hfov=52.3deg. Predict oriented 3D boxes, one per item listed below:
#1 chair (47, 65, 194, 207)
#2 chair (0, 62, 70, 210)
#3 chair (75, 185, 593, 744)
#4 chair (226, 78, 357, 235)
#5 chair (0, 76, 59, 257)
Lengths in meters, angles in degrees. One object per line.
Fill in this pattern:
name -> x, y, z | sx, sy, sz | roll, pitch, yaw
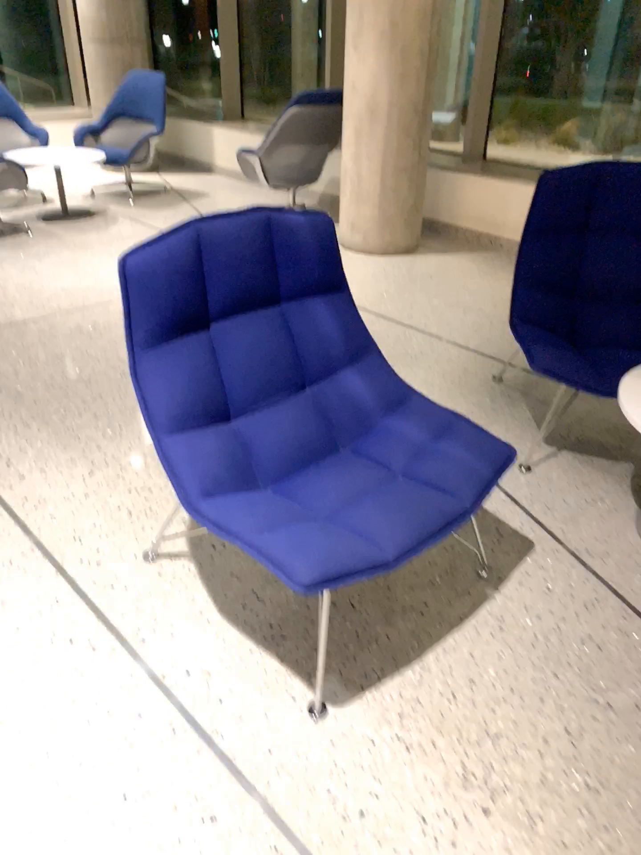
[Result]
chair -> -1.674, -2.515, 5.592 | 0.782, 0.972, 0.765 | 19, 35, 26
chair -> -2.572, -2.331, 5.169 | 0.773, 0.942, 0.673 | 27, 40, 36
chair -> 0.020, -0.012, 1.655 | 0.811, 0.932, 0.783 | -25, 40, -37
chair -> -0.241, -2.117, 5.056 | 0.642, 0.962, 0.774 | -20, 38, -31
chair -> -2.379, -1.759, 4.320 | 0.803, 0.932, 0.774 | 27, 39, 35
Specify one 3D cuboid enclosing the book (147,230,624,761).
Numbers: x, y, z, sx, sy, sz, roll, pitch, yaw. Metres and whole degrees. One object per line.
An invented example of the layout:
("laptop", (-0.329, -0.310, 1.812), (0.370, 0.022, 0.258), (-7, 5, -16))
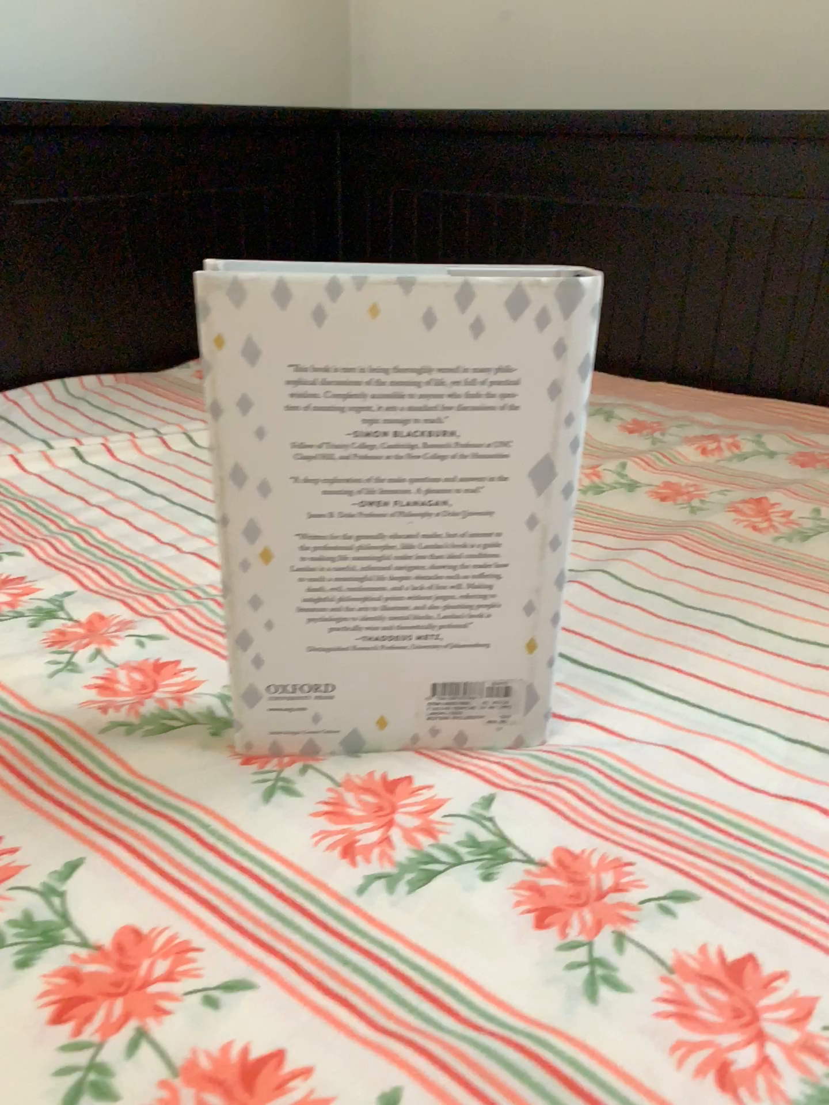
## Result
("book", (-0.011, -0.013, 0.349), (0.160, 0.218, 0.030), (-1, 27, -4))

### Exercise
Using the records above, set down exactly the lines from the one with "Fill in this" through the one with "name -> x, y, z", inclusive, and nothing more.

### Exercise result
Fill in this pattern:
name -> x, y, z | sx, sy, sz | roll, pitch, yaw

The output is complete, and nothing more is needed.